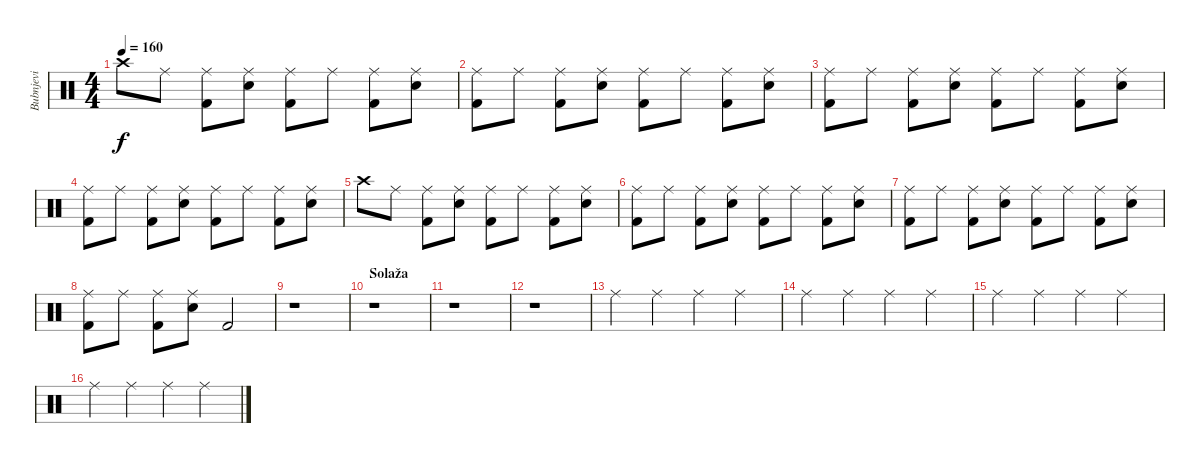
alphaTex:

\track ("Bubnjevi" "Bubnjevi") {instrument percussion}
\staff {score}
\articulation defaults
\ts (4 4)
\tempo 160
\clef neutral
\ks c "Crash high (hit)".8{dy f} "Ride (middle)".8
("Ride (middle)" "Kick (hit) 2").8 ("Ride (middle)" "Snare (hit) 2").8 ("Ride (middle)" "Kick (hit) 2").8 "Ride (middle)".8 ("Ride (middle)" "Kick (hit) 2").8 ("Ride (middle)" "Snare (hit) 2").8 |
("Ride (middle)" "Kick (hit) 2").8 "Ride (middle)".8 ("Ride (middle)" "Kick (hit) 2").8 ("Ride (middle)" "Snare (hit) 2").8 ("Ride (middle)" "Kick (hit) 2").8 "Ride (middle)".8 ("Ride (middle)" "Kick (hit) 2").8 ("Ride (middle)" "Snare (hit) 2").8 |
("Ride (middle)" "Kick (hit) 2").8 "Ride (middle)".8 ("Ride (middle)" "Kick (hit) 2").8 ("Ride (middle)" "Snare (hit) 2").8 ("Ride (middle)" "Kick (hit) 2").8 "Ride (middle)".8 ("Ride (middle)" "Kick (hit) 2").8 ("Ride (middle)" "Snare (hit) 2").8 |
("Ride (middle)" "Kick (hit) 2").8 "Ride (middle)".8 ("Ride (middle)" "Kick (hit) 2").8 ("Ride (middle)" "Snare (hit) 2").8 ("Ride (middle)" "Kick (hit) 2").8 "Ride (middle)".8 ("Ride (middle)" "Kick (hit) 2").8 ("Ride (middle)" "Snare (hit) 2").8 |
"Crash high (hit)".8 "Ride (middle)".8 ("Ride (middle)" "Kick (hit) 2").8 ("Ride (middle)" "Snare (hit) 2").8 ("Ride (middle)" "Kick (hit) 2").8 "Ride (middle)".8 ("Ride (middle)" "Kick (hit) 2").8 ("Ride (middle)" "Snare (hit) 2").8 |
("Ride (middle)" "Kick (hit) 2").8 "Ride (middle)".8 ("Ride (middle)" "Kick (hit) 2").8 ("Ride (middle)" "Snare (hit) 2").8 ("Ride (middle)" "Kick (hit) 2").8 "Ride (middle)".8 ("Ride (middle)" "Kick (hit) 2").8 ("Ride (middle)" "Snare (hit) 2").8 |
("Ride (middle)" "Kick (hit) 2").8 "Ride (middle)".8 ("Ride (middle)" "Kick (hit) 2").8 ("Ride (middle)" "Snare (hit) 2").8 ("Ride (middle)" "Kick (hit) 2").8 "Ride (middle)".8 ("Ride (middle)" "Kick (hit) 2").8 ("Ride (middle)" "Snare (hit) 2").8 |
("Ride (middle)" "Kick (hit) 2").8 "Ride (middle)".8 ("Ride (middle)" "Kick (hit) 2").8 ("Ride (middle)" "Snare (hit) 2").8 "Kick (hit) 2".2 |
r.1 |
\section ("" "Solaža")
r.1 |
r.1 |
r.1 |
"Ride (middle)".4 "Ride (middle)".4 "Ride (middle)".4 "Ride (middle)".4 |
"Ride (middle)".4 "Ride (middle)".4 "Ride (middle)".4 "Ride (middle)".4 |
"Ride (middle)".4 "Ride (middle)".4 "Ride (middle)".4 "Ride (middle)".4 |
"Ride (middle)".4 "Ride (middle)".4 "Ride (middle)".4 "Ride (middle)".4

━━━━━━━━━━━━━━━━

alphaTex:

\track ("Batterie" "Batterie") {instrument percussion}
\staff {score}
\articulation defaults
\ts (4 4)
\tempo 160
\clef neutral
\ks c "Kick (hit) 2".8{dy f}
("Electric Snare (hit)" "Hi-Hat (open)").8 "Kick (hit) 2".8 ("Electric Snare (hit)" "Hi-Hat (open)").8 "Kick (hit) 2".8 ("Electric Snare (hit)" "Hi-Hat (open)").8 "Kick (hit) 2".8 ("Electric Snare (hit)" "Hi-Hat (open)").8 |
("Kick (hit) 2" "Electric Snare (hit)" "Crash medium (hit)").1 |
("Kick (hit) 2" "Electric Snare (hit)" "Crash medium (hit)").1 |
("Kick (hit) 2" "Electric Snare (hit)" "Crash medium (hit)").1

━━━━━━━━━━━━━━━━

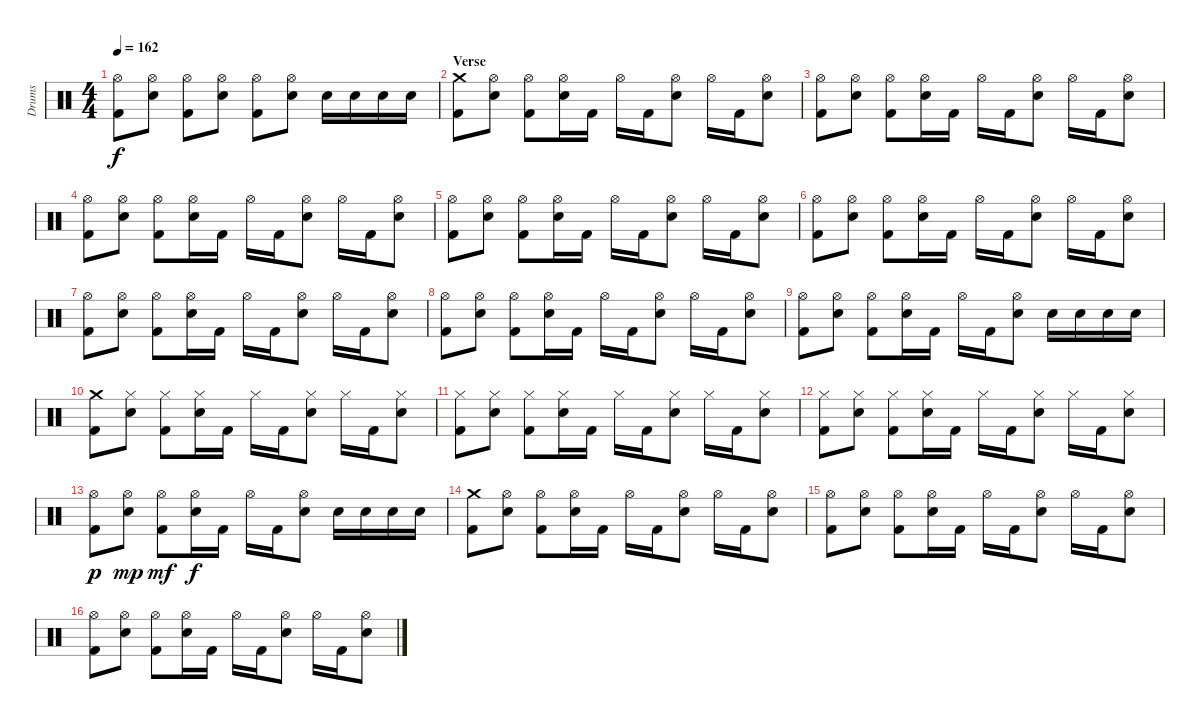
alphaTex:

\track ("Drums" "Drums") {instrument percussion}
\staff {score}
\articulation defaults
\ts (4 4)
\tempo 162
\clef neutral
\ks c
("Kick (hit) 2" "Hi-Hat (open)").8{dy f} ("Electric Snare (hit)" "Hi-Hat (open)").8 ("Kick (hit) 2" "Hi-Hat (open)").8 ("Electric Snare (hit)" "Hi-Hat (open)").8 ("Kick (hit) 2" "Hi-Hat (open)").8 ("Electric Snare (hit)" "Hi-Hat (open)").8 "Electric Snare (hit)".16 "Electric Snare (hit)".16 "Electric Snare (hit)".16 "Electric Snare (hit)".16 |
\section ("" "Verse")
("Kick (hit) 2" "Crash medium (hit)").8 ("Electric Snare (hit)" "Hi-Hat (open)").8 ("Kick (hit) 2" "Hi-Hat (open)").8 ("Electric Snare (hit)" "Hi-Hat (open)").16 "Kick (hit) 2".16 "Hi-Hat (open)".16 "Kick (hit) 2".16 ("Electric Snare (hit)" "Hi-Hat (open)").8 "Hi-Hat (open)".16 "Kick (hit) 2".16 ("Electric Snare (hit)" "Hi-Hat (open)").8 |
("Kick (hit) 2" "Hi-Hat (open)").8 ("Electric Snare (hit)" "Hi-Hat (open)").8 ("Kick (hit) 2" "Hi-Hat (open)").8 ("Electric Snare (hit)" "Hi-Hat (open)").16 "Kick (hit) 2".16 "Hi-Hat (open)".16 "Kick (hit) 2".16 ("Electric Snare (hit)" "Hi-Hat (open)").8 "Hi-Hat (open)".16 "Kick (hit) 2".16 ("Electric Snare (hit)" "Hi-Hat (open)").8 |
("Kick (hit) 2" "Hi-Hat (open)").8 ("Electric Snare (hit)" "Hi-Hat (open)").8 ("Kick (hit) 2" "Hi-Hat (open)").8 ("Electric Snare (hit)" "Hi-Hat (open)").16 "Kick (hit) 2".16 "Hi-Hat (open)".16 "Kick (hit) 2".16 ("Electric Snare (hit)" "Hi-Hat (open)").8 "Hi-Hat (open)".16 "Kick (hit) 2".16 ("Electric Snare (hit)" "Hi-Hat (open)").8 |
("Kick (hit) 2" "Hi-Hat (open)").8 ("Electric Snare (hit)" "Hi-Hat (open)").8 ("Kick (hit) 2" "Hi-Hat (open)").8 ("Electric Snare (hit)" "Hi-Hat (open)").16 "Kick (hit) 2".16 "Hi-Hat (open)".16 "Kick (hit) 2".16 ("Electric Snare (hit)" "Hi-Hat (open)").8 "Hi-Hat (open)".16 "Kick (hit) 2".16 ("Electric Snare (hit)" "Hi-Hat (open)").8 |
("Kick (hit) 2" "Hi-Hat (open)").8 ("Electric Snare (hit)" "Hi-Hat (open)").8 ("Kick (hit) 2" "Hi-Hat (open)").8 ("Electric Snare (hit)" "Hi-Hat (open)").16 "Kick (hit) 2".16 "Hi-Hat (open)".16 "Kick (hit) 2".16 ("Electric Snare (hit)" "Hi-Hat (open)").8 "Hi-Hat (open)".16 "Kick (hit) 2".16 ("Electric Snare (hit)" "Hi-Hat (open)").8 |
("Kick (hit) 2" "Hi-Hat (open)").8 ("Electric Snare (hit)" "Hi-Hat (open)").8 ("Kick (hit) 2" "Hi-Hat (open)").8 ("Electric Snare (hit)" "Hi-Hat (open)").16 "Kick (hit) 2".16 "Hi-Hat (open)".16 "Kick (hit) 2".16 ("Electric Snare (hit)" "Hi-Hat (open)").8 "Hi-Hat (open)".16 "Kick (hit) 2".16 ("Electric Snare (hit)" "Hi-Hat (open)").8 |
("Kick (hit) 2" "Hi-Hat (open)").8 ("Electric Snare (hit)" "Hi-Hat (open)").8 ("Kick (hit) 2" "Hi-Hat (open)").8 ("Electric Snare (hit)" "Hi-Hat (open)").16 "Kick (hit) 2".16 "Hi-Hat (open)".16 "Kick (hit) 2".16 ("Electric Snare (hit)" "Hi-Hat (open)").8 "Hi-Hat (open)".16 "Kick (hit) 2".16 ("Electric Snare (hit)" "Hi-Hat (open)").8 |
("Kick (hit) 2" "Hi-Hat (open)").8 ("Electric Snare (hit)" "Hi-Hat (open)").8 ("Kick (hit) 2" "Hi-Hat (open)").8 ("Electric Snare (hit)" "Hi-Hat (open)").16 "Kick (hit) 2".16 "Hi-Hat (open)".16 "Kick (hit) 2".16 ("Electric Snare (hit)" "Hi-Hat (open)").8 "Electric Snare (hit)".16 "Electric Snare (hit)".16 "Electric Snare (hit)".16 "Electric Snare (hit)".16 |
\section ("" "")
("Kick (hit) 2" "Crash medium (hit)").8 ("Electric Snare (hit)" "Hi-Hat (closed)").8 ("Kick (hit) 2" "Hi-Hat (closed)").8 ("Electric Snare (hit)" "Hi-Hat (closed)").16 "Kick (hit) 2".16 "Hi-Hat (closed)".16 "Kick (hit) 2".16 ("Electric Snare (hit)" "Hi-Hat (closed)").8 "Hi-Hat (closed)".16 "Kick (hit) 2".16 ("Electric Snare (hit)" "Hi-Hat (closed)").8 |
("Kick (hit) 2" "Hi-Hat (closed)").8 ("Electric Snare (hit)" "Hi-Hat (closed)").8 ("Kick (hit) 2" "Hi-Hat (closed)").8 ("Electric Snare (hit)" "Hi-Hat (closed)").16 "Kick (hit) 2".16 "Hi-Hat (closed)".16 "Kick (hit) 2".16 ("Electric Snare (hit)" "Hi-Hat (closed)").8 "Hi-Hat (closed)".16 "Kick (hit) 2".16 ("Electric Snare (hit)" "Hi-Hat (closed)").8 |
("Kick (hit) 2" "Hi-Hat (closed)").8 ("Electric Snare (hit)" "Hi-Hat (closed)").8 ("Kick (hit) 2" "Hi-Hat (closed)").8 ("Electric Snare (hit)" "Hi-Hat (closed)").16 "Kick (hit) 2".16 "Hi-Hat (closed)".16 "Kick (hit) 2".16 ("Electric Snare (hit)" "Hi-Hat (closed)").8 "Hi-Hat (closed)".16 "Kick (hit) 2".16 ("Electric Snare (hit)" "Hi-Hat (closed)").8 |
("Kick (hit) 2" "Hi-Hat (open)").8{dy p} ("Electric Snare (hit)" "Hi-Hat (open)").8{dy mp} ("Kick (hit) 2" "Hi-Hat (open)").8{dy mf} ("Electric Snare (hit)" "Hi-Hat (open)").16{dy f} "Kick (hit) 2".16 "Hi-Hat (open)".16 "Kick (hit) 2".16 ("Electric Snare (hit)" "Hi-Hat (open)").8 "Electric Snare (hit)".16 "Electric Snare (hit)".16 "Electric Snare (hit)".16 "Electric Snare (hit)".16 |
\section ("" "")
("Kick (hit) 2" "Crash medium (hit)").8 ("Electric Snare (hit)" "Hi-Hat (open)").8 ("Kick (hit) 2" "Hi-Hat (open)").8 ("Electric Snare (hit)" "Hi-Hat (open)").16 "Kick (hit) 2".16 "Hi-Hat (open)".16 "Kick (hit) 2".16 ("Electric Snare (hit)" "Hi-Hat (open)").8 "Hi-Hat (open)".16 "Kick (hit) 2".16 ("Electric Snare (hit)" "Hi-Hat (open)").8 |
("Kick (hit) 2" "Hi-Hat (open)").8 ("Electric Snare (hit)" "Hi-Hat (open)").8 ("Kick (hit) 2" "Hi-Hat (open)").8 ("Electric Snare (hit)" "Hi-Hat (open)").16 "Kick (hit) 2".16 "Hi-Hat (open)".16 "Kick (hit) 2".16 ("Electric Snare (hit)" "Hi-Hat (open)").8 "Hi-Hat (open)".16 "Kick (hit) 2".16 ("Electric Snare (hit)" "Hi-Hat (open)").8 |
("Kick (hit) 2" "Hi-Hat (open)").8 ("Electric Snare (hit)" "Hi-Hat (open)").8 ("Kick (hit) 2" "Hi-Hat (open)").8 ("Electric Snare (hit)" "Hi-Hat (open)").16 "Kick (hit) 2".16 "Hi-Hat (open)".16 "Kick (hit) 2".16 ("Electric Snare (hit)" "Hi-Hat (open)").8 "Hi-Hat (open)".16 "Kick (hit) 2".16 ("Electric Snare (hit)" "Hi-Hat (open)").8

━━━━━━━━━━━━━━━━

> **ACTION ITEM**:
Each line in which the string "track" is found must be copied from the data.

> **TASK ANSWER**:
\track ("Bubnjevi" "Bubnjevi") {instrument percussion}
\track ("Batterie" "Batterie") {instrument percussion}
\track ("Drums" "Drums") {instrument percussion}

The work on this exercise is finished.